Overall, though, I thought Saturday night’s race was alright. I don’t fault Kenseth and his race team for doing their job nor do I fault NASCAR (or the Chase, or the COT, etc.) for allowing it to happen. It’s their job to be the dominant force to be reckoned with and kudos to them for pulling it off in such a dynamic fashion. Clearly Ford Racing is here to play.

My only suggestion would be to shorten the race to 400 miles. It worked for Fontana and it would work at Texas. I’ve stated time and again that I feel that 500 miles should only be for the big races (Daytona 500, Coke 600, etc.) and every other race should be 300-400 miles. That way, the endurance factor still exists without the race seemingly dragging on while one driver dominates. Compromise, folks!

Who will be the next driver to break a losing streak? … Earlier this year, Jeff Gordon broke a 66-race winless streak to win at Phoenix International Raceway and last Saturday Matt Kenseth followed that up to break his own winless streak of 76 races.

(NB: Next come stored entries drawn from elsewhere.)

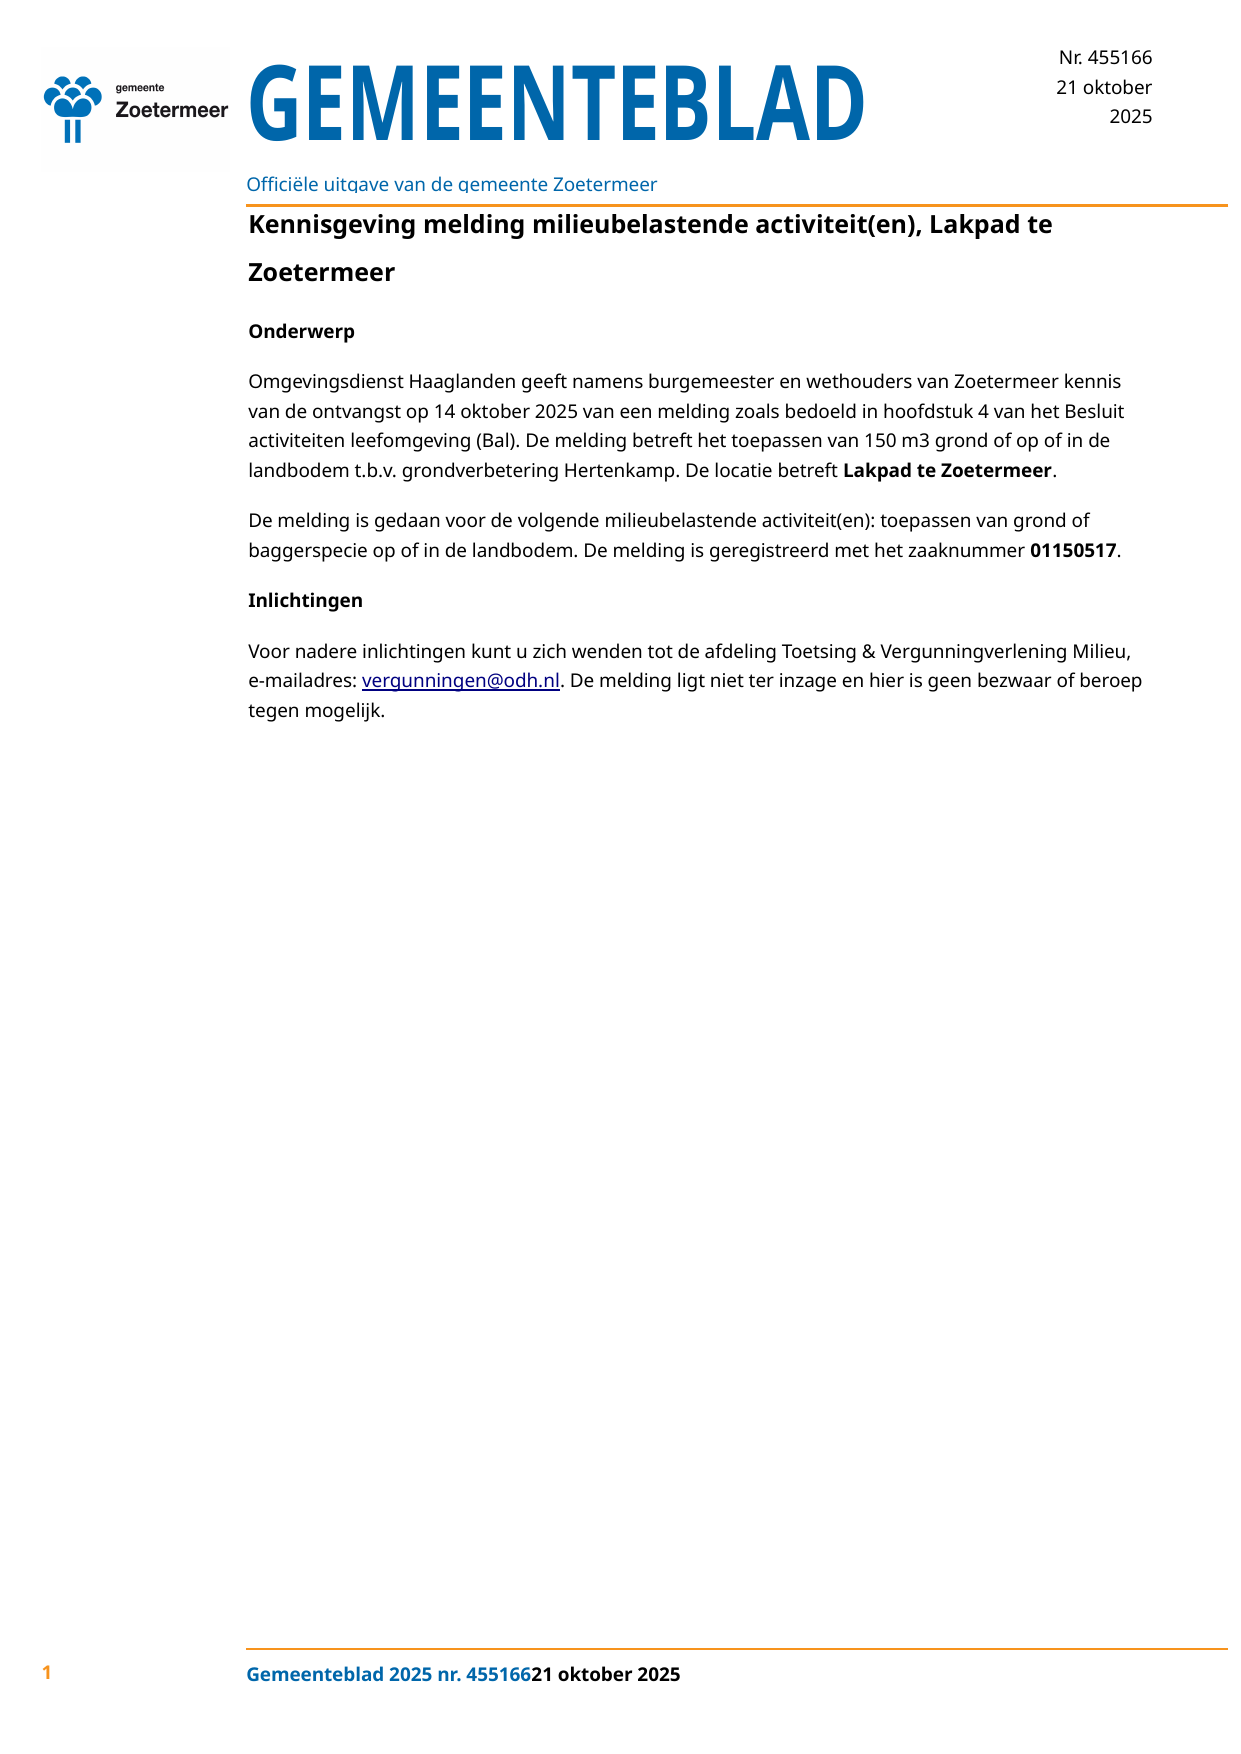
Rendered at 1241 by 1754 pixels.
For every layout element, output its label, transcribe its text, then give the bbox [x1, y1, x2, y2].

text Kennisgeving melding milieubelastende activiteit(en), Lakpad te Zoetermeer [248, 207, 1152, 288]
text De melding is gedaan voor de volgende milieubelastende activiteit(en): toepassen van grond of baggerspecie op of in de landbodem. De melding is geregistreerd met het zaaknummer 01150517. [248, 507, 1152, 563]
picture [41, 47, 231, 172]
text Onderwerp [248, 318, 1152, 344]
text Omgevingsdienst Haaglanden geeft namens burgemeester en wethouders van Zoetermeer kennis van de ontvangst op 14 oktober 2025 van een melding zoals bedoeld in hoofdstuk 4 van het Besluit activiteiten leefomgeving (Bal). De melding betreft het toepassen van 150 m3 grond of op of in de landbodem t.b.v. grondverbetering Hertenkamp. De locatie betreft Lakpad te Zoetermeer. [248, 368, 1152, 483]
text Inlichtingen [248, 587, 1152, 613]
text Voor nadere inlichtingen kunt u zich wenden tot de afdeling Toetsing & Vergunningverlening Milieu, e-mailadres: vergunningen@odh.nl. De melding ligt niet ter inzage en hier is geen bezwaar of beroep tegen mogelijk. [248, 638, 1152, 723]
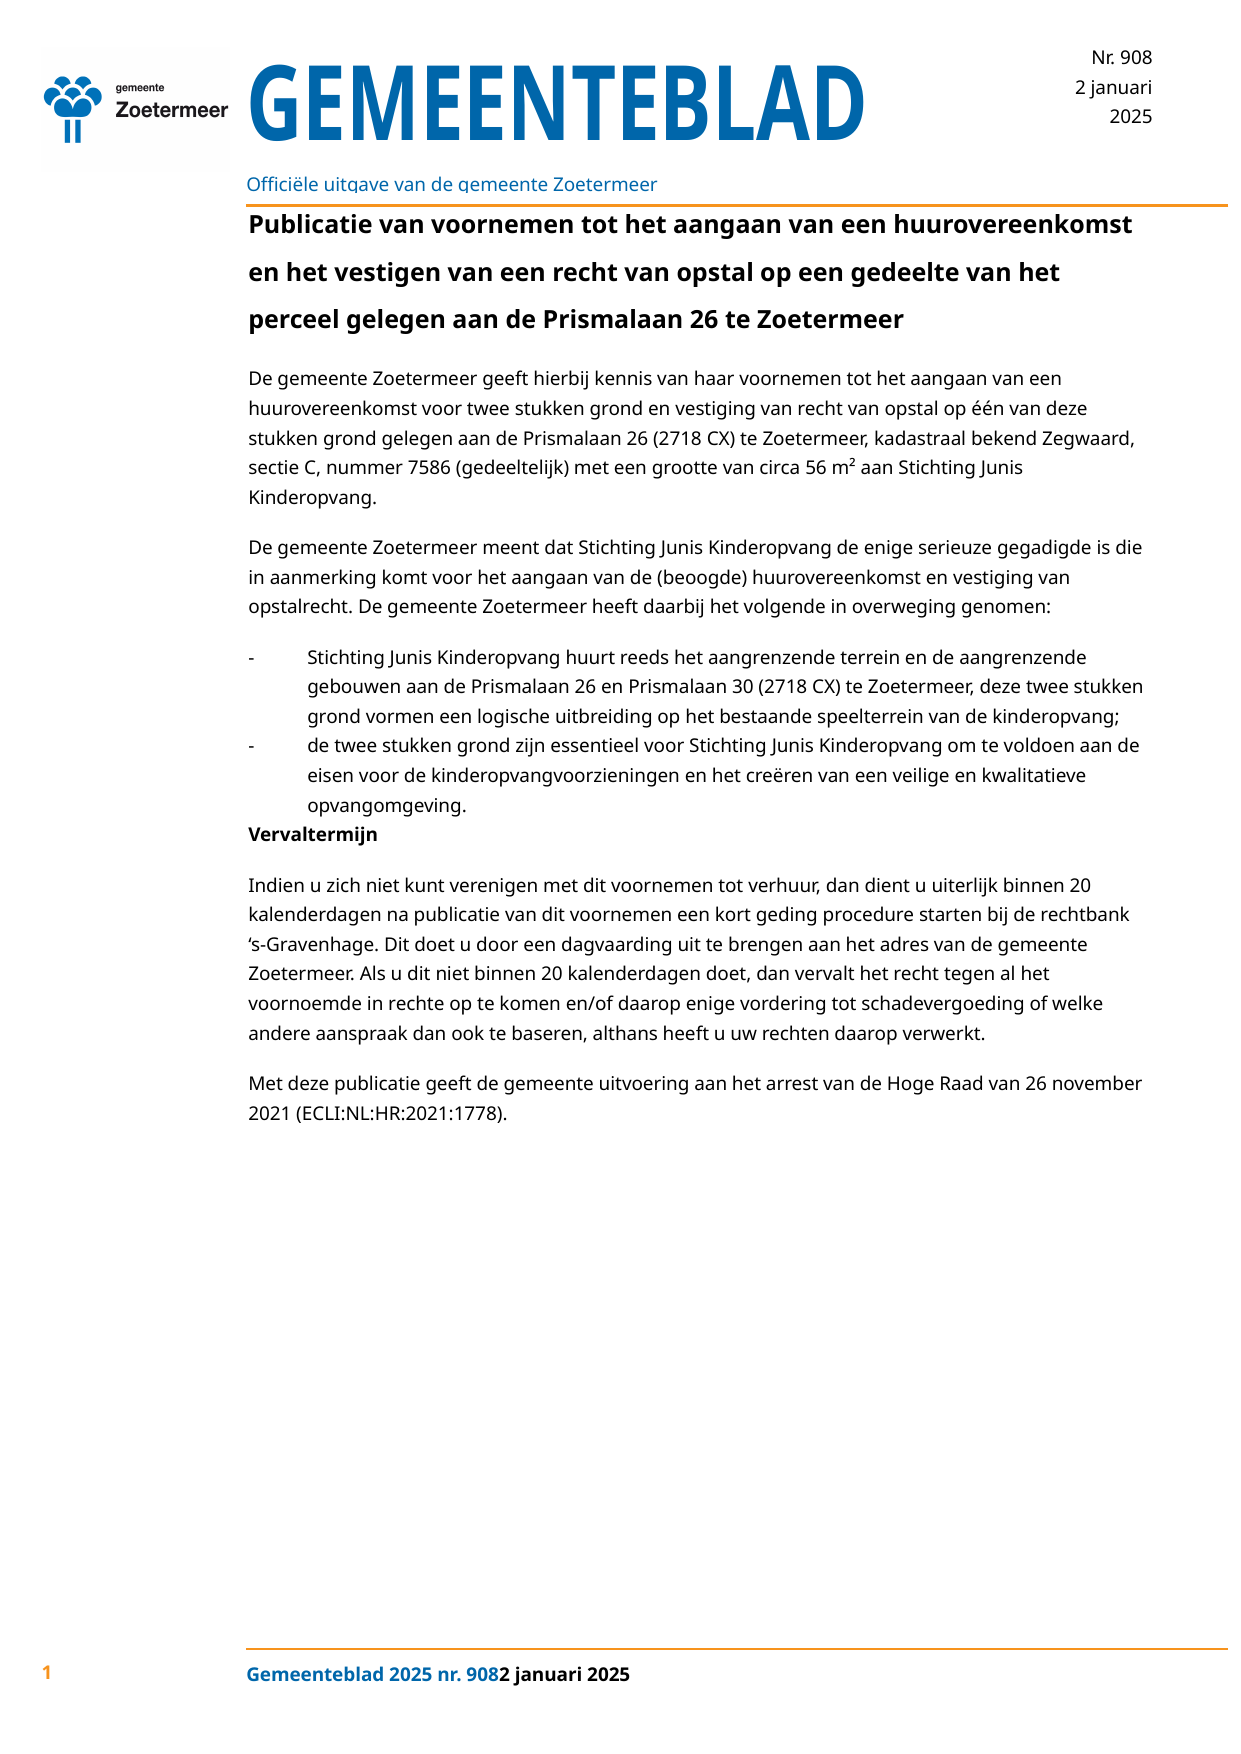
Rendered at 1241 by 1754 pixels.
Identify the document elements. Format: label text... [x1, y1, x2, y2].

text De gemeente Zoetermeer meent dat Stichting Junis Kinderopvang de enige serieuze gegadigde is die in aanmerking komt voor het aangaan van de (beoogde) huurovereenkomst en vestiging van opstalrecht. De gemeente Zoetermeer heeft daarbij het volgende in overweging genomen: [248, 534, 1152, 619]
text De gemeente Zoetermeer geeft hierbij kennis van haar voornemen tot het aangaan van een huurovereenkomst voor twee stukken grond en vestiging van recht van opstal op één van deze stukken grond gelegen aan de Prismalaan 26 (2718 CX) te Zoetermeer, kadastraal bekend Zegwaard, sectie C, nummer 7586 (gedeeltelijk) met een grootte van circa 56 m² aan Stichting Junis Kinderopvang. [248, 366, 1152, 509]
picture [41, 47, 231, 172]
text Met deze publicatie geeft de gemeente uitvoering aan het arrest van de Hoge Raad van 26 november 2021 (ECLI:NL:HR:2021:1778). [248, 1070, 1152, 1125]
text Indien u zich niet kunt verenigen met dit voornemen tot verhuur, dan dient u uiterlijk binnen 20 kalenderdagen na publicatie van dit voornemen een kort geding procedure starten bij de rechtbank ‘s-Gravenhage. Dit doet u door een dagvaarding uit te brengen aan het adres van de gemeente Zoetermeer. Als u dit niet binnen 20 kalenderdagen doet, dan vervalt het recht tegen al het voornoemde in rechte op te komen en/of daarop enige vordering tot schadevergoeding of welke andere aanspraak dan ook te baseren, althans heeft u uw rechten daarop verwerkt. [248, 872, 1152, 1045]
text Publicatie van voornemen tot het aangaan van een huurovereenkomst en het vestigen van een recht van opstal op een gedeelte van het perceel gelegen aan de Prismalaan 26 te Zoetermeer [248, 207, 1152, 336]
text Vervaltermijn [248, 821, 1152, 847]
list Stichting Junis Kinderopvang huurt reeds het aangrenzende terrein en de aangrenzende gebouwen aan de Prismalaan 26 en Prismalaan 30 (2718 CX) te Zoetermeer, deze twee stukken grond vormen een logische uitbreiding op het bestaande speelterrein van de kinderopvang; [248, 644, 1152, 729]
list de twee stukken grond zijn essentieel voor Stichting Junis Kinderopvang om te voldoen aan de eisen voor de kinderopvangvoorzieningen en het creëren van een veilige en kwalitatieve opvangomgeving. [248, 733, 1152, 817]
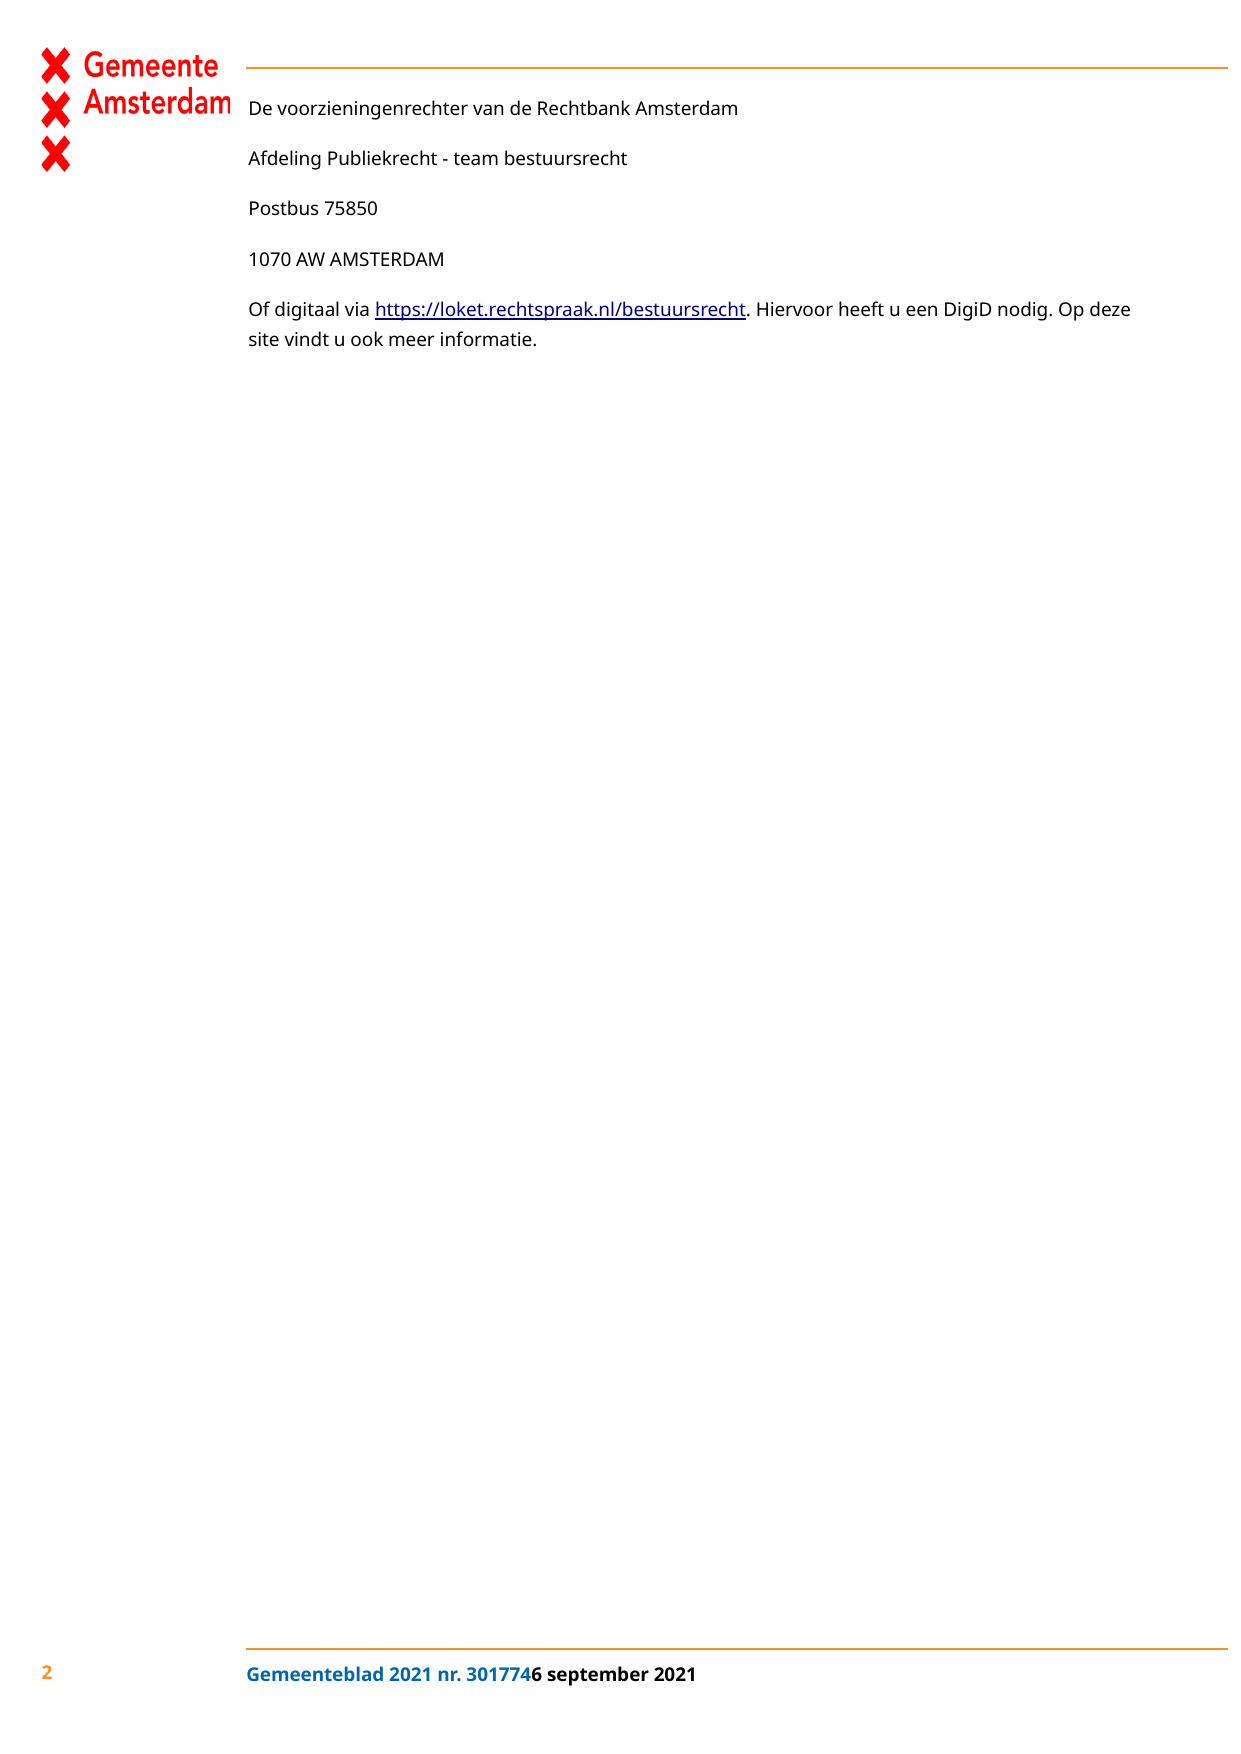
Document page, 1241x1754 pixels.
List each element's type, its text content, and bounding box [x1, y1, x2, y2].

text 1070 AW AMSTERDAM [248, 246, 1152, 272]
text De voorzieningenrechter van de Rechtbank Amsterdam [248, 95, 1152, 121]
text Afdeling Publiekrecht - team bestuursrecht [248, 145, 1152, 171]
picture [41, 47, 231, 172]
text Postbus 75850 [248, 196, 1152, 221]
text Of digitaal via https://loket.rechtspraak.nl/bestuursrecht. Hiervoor heeft u een DigiD nodig. Op deze site vindt u ook meer informatie. [248, 296, 1152, 352]

A few notable drivers looking to break into Victory Lane after long winless droughts are Mark Martin (52), Kasey Kahne (54) and Jeff Burton (84). While there are definitely points to be made for why those drivers (and a few others) might soon return to their winning ways, one driver stands out to me: Dale Earnhardt Jr.

Earnhardt just seems to have it this year. Oh sure, we were saying that last year since Earnhardt was still sitting 10th in points, but this year just feels … different. Don’t ask me! Ask Earnhardt’s loyal legion of fans that feel the same way.

Over the off-season, Earnhardt (and two of his three Hendrick Motorsports teammates) was paired with a different crew chief - one of the biggest reasons listed as to why the son of legendary driver Dale Earnhardt Sr. has failed to live up to expectations as of late. Steve Letarte - who worked with Earnhardt’s teammate Jeff Gordon from 2005 until last season - has been sitting on the No. 88 pit box so far this season and the team now seems to have something it lacked for so long: communication.

So feel free to chime in with your opinions - Earnhardt will be back in Victory Lane soon.

Is David Ragan feeling the pressure? … Following Trevor Bayne’s historic Daytona 500 victory earlier this season, many of us looked toward the Roush Fenway Racing camp at Ragan and shook our heads in dismay. “Won’t be long now!” we all mumbled, tweeting safely behind our keyboards with the best of intentions (where is my sarcasm symbol?!).

Bayne, a developmental driver for RFR in the NASCAR Nationwide Series, was expected by so many to possibly replace Ragan in the No. 6 seat. After all, Bayne is obviously the next big thing in NASCAR and Ragan has failed to impress in five full seasons with one of the best teams in the sport. Not to mention RFR’s other developmental driver Ricky Stenhouse Jr. has been making a substantial amount of noise. He is currently leading the points standings and week in/week out racing up front with the big guns. Surely Ragan is on his way out, right?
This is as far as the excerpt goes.